Problem
Within the data that follows, set down exactly the lines from the one containing "Perimeter = $2(length" through the one containing "Answer: 12m", both ends included.

Items listed in a dataset
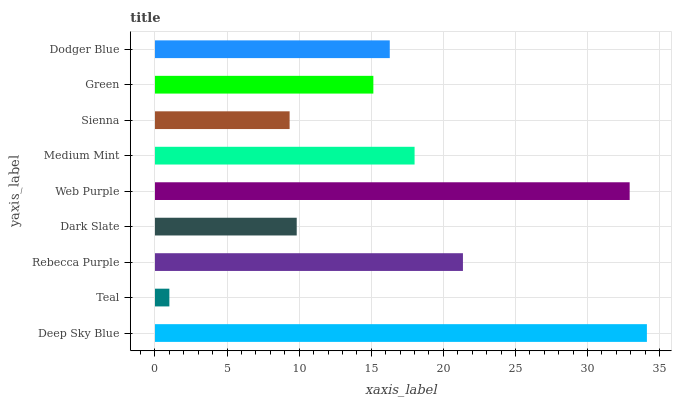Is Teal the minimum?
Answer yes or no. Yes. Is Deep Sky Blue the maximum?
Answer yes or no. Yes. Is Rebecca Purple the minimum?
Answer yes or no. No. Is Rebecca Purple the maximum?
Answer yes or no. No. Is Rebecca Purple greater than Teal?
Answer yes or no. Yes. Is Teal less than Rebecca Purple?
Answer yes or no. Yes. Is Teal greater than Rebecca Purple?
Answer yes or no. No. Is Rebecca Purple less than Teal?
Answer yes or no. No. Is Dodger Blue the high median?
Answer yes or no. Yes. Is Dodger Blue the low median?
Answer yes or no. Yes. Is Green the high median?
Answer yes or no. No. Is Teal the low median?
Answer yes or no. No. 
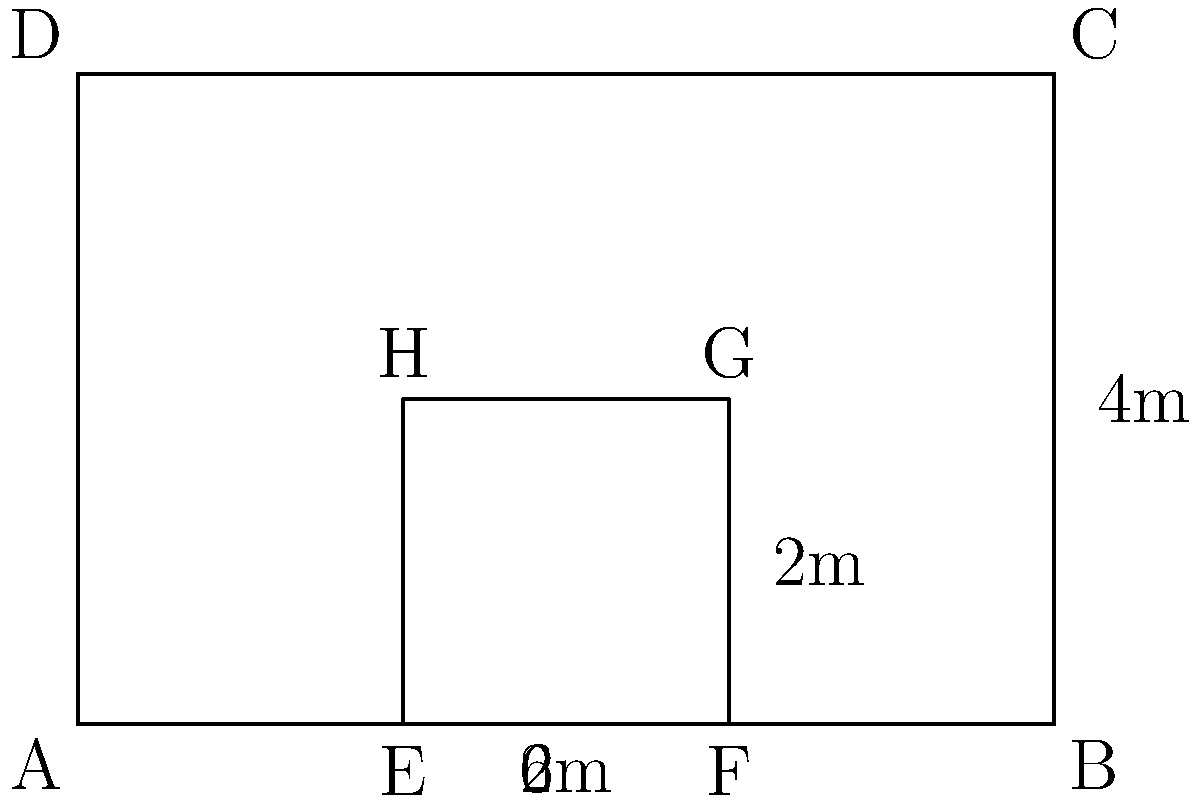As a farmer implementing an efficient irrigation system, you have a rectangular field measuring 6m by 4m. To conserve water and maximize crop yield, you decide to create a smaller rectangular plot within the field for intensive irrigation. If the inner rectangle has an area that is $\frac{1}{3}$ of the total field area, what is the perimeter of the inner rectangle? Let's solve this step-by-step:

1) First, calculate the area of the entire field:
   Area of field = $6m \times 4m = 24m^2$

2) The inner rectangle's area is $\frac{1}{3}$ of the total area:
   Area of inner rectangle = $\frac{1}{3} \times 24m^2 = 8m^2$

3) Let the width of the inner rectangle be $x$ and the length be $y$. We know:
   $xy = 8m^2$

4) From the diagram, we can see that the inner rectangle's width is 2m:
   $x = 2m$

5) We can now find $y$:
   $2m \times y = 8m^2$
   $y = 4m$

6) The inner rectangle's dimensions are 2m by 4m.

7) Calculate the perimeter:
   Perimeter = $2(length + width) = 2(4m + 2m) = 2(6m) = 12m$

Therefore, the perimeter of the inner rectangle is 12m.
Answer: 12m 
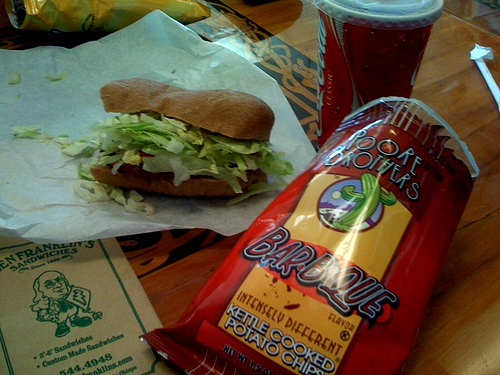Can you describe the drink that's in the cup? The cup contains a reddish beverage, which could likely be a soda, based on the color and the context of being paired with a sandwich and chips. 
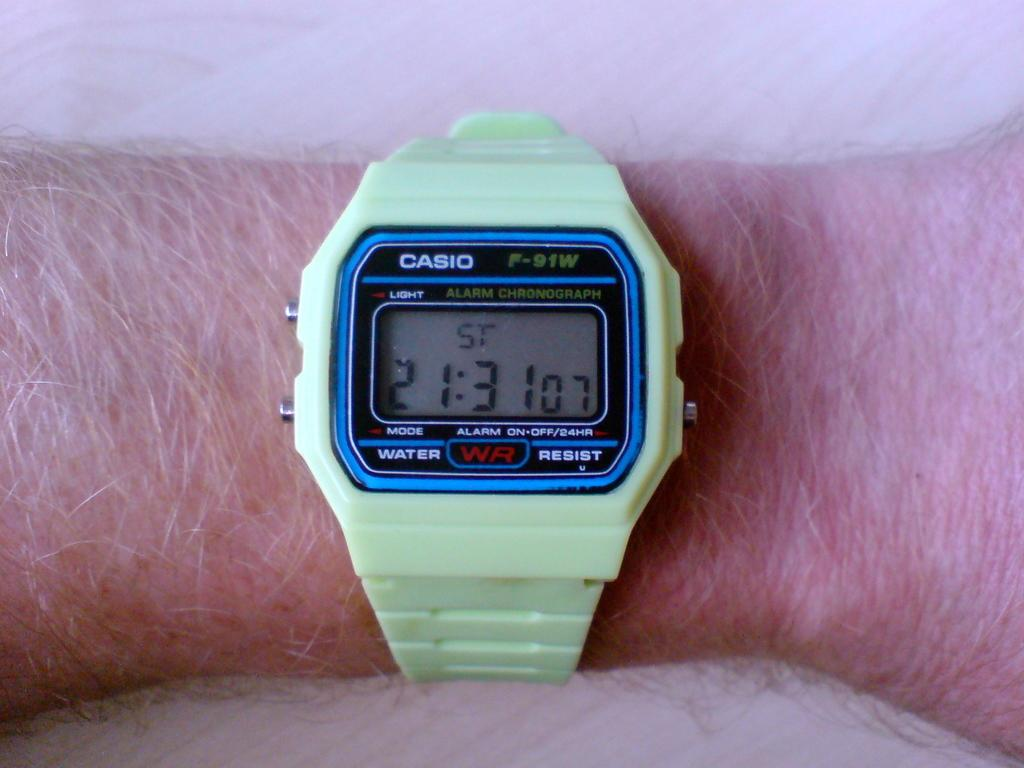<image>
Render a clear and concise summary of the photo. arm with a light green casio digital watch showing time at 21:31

Task result
   Perimeter = $2(length + width) = 2(4m + 2m) = 2(6m) = 12m$

Therefore, the perimeter of the inner rectangle is 12m.
Answer: 12m 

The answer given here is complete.